Карий не-звериный глаз не выдержал взгляда 12-летнего Дмитрия и сморгнул. Зеленоватая длинномордая голова резко повернулась, демонстрируя светлое не-звериное ухо, потом Существо вскочило на задние ноги и, прижимая к груди морковинку, легко бросилось на дощатую полку, приколоченную к задней стенке клетки. Каждое его движение находило живейшие отклики за загородкою.
— О-о, гляди! Прям акробатка! Раз-раз — и запрыгнула!
— А ручонки-то, ручонки — совсем как у тебя…
— Машка, он, кажись, на тебя похож…
— Дурак! На тебя больше похож!..
— …а чо жопа-то такая красная — выпороли, что ли?!
— Кирпичом натерли!..
— Ха-ха-ха-ха! Ой, умора! Ух-ху-ху-ху!..
Существо, привычно и равнодушно озираясь, принялось доедать свою морковь. Оно вкладывало в это действие всю серьезность, дарованную ему природой и столь странно роднившую его с теми, кто сейчас шумел и кривлялся по ту сторону клетки. Иногда оранжевые кусочки летели у Существа изо рта, и оно, не переставая жевать, деловито и торопливо выбирало их из своей шерсти…
О чем думал Дмитрий, глядя сквозь решетку на это странное живое сочетание не-человеческого и человеческого?… Ясно одно: именно тогда, у той самой клетки и произошло с ним нечто непоправимо важное — то, что навсегда изменило его, растравив в нем его истинную сущность и тем самым жестоко противопоставив его всем ему подобным…
…Свой план он разрабатывал долго и не по-двенадцатилетнему тщательно. Побывав в зверинце на следующий день, он, насколько это было возможно, изучил устройство клетки. Потом обошел зверинец снаружи и как следует осмотрел его сплошную высокую ограду, собранную из размалеванных фанерных щитов. Еще день спустя Дмитрий впервые в жизни не пришел ночевать домой. Наутро его, разумеется, встретили поркой, задавая при этом разные подобающие случаю вопросы, но Дмитрий лишь молчал — не столько зло, сколько равнодушно, — и думал о том, куда отец мог спрятать гвоздодер…
Следующую ночь Дмитрий также провел вне дома, довершая работу, начатую накануне. Подкоп под фанерный щит позади клетки с хорьками был углублен и расширен с расчетом на то, чтобы пролезть не только Дмитрию, но и его предполагаемой добыче. При малейшем подозрительном звуке Дмитрий готов был, прижимая к себе свою лопату без черенка, тенью кинуться за карусель. Но, к счастью для Дмитрия, все звуки были на его стороне. Вот за оградой раздался проникновенный и долгий икающий крик осла — что ж, тем лучше.

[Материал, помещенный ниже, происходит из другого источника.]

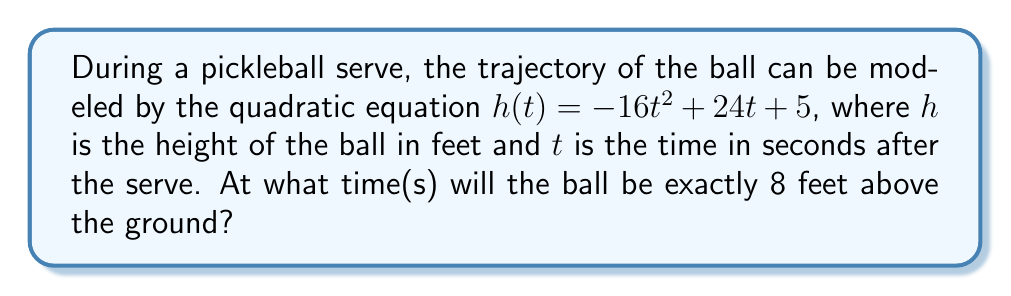Give your solution to this math problem. To solve this problem, we need to find the value(s) of $t$ where $h(t) = 8$. Let's approach this step-by-step:

1) We start with the equation: $h(t) = -16t^2 + 24t + 5$

2) We want to find when $h(t) = 8$, so we set up the equation:
   $8 = -16t^2 + 24t + 5$

3) Subtract 8 from both sides to get the equation in standard form:
   $0 = -16t^2 + 24t - 3$

4) This is a quadratic equation in the form $at^2 + bt + c = 0$, where:
   $a = -16$, $b = 24$, and $c = -3$

5) We can solve this using the quadratic formula: $t = \frac{-b \pm \sqrt{b^2 - 4ac}}{2a}$

6) Substituting our values:
   $t = \frac{-24 \pm \sqrt{24^2 - 4(-16)(-3)}}{2(-16)}$

7) Simplify under the square root:
   $t = \frac{-24 \pm \sqrt{576 - 192}}{-32} = \frac{-24 \pm \sqrt{384}}{-32}$

8) Simplify further:
   $t = \frac{-24 \pm 8\sqrt{6}}{-32}$

9) Separate into two solutions:
   $t = \frac{-24 + 8\sqrt{6}}{-32}$ or $t = \frac{-24 - 8\sqrt{6}}{-32}$

10) Simplify:
    $t = \frac{3 - \sqrt{6}}{4}$ or $t = \frac{3 + \sqrt{6}}{4}$

Therefore, the ball will be exactly 8 feet above the ground at two times.
Answer: The ball will be 8 feet above the ground at $t = \frac{3 - \sqrt{6}}{4}$ seconds and $t = \frac{3 + \sqrt{6}}{4}$ seconds after the serve. 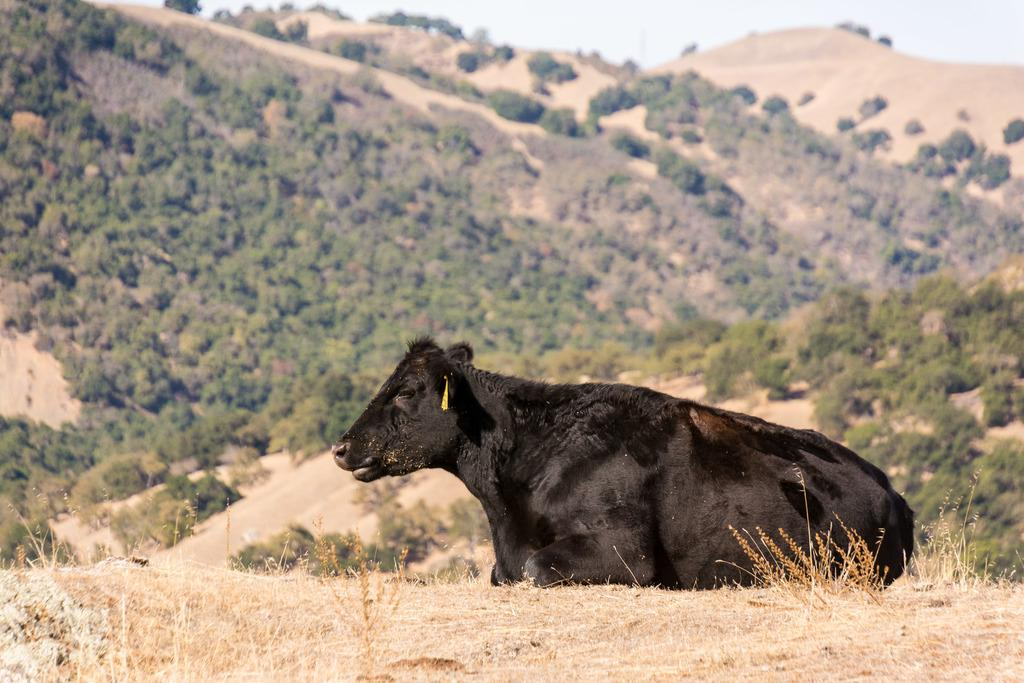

Меньше слышно шорох лопаты. Вот где-то на дальней аллее заголосил чей-то подгулявший баян, подхваченный вразнобойным рёвом, — очень хорошо. Пусть отвлекает пропойцу-сторожа, торчащего в кассовой будке… Впрочем, Дмитрий и сам хорошо и надолго отвлек старика, ухитрившись незаметно поставить на окошко кассы непочатую бутылочку русской. Бутылочкой разжился на рынке загодя — не купил, разумеется, а виртуозно выхватил из чьей-то раскрытой кошелки.